一夥人抬著頭共襄三品官爬牆盛舉,半晌見他從上頭下來,臉上左三道右三道地蹭了幾條苔痕,像是只散漫的大貓,步履輕盈地走到眾人面前,鐮鉤似的唇角勾著潭水波紋閃耀出的光,這一刻眾人竟覺得眼前這人像是匯聚了一身的星辰,璀璨奪目,不可方物。

就好比一個人在做自己最喜歡的事時,那浸透了肺腑而散發出的愉悅和享受。

“回山館。”這人邁步走在了最前面。

再次回到曹溥陳屍的房中,燕子恪有了明確目的地上上下下又搜尋了一番,最後輕描淡寫地丟出一句話:“兇手的作案手法我已破解,把人都叫過來吧。”

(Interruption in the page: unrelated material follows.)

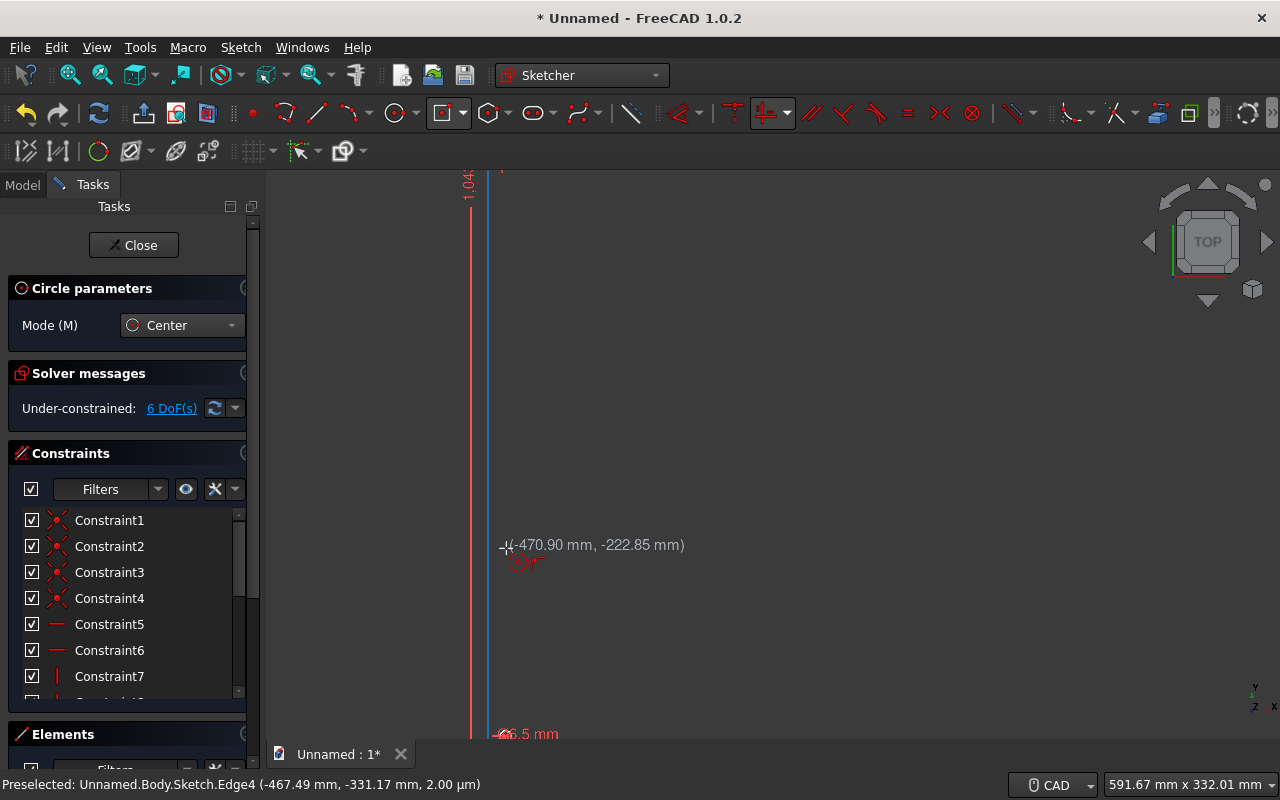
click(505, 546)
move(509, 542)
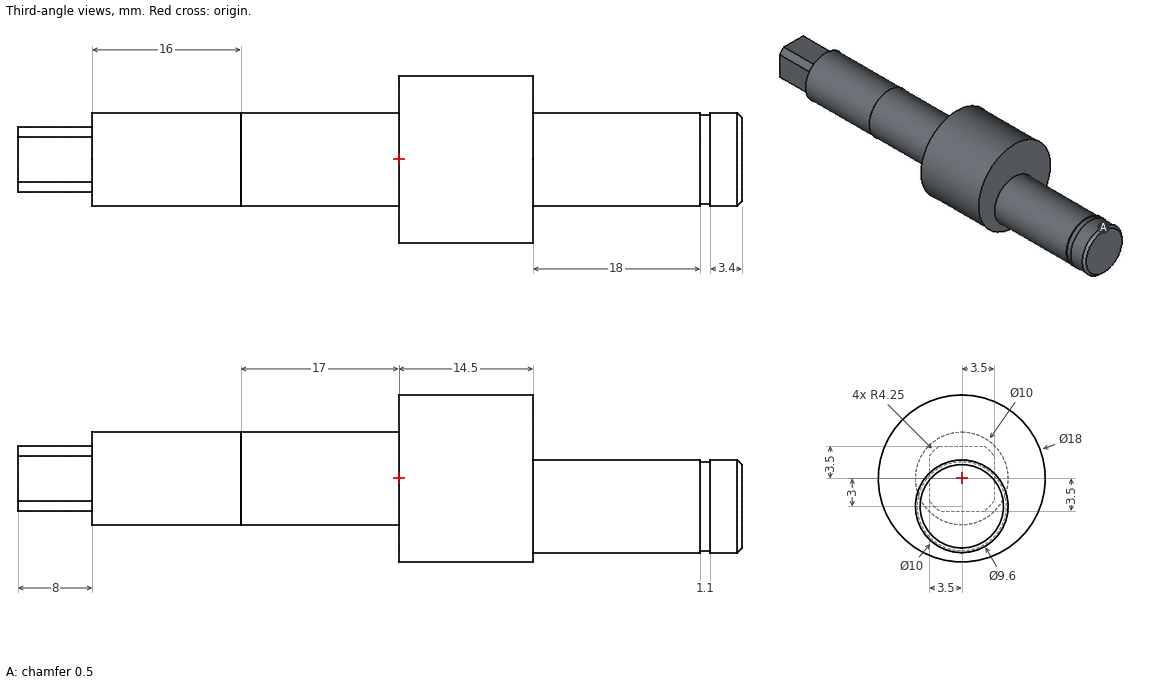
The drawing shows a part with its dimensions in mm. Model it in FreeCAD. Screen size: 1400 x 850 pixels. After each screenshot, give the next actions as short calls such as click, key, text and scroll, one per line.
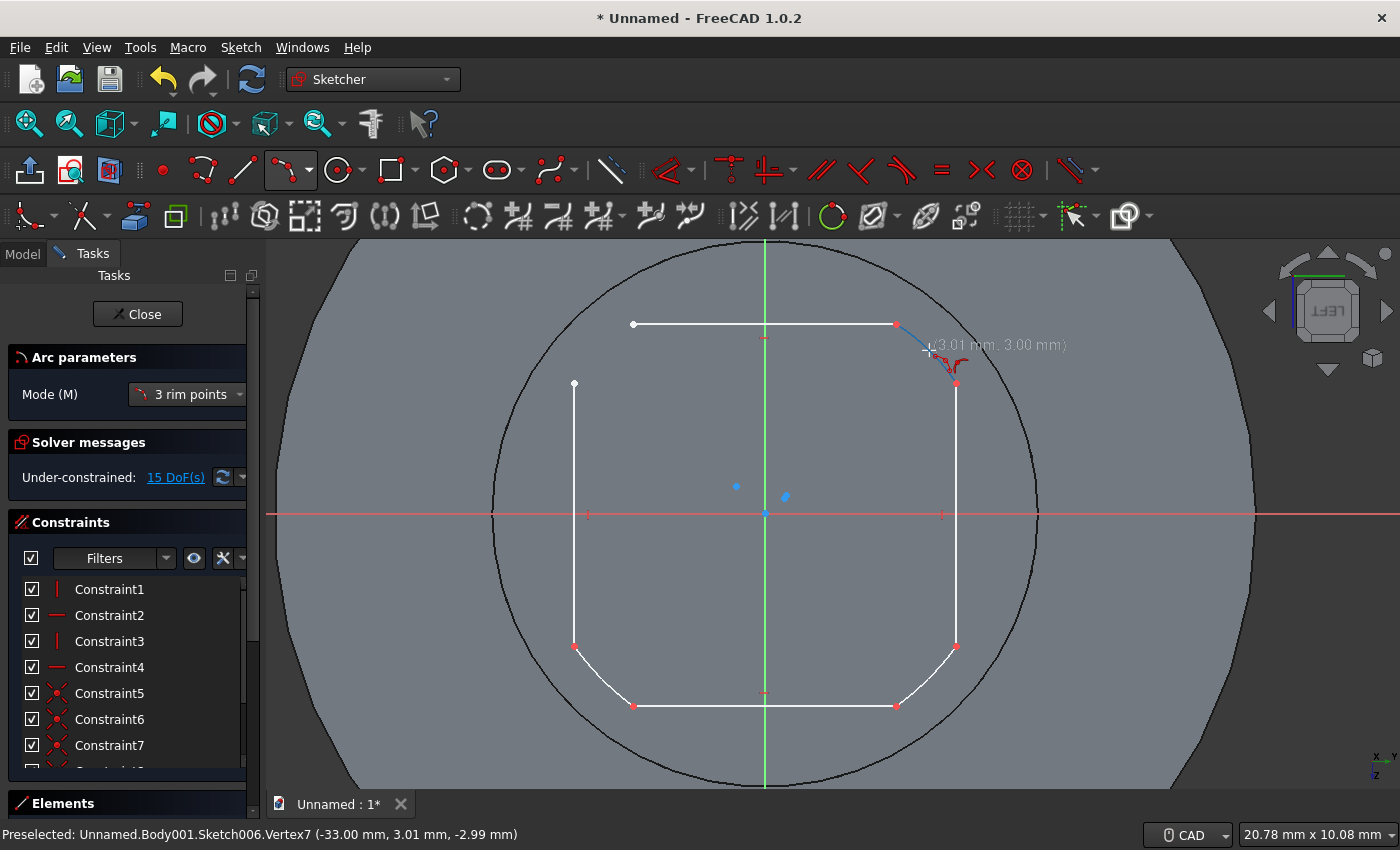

破解了?爬爬山壁就有答案了?有沒有那麼妖啊?!眾衙差面面相覷,卻也不敢怠慢,忙去了兩個到廳裡將所有人都叫進了案發現場,攀巖社的成員們或忐忑或疑慮或面無表情地齊齊望著這房間中光華最盛的那個人,哪怕他只是一聲不吭地站在角落裡,都會令人無法抗拒地將目光投射在他的身上。

這就叫氣場。

“殺害曹溥的兇手,就是……”燕子恪才剛開口,便覺有一團花花綠綠的影子擠了過來。

“大人,我好害怕……”劉雲仙哭哭啼啼搖搖晃晃地向著燕子恪撲過去。

“拿下。”燕子恪涼聲道。

左右衙役立時上前將劉雲仙反剪了雙臂摁跪在當場,劉雲仙嚇得臉色刷白,再沒想到這位看上去風流倜儻的英俊郎君竟是這般冷酷無情,絲毫不肯憐香惜玉。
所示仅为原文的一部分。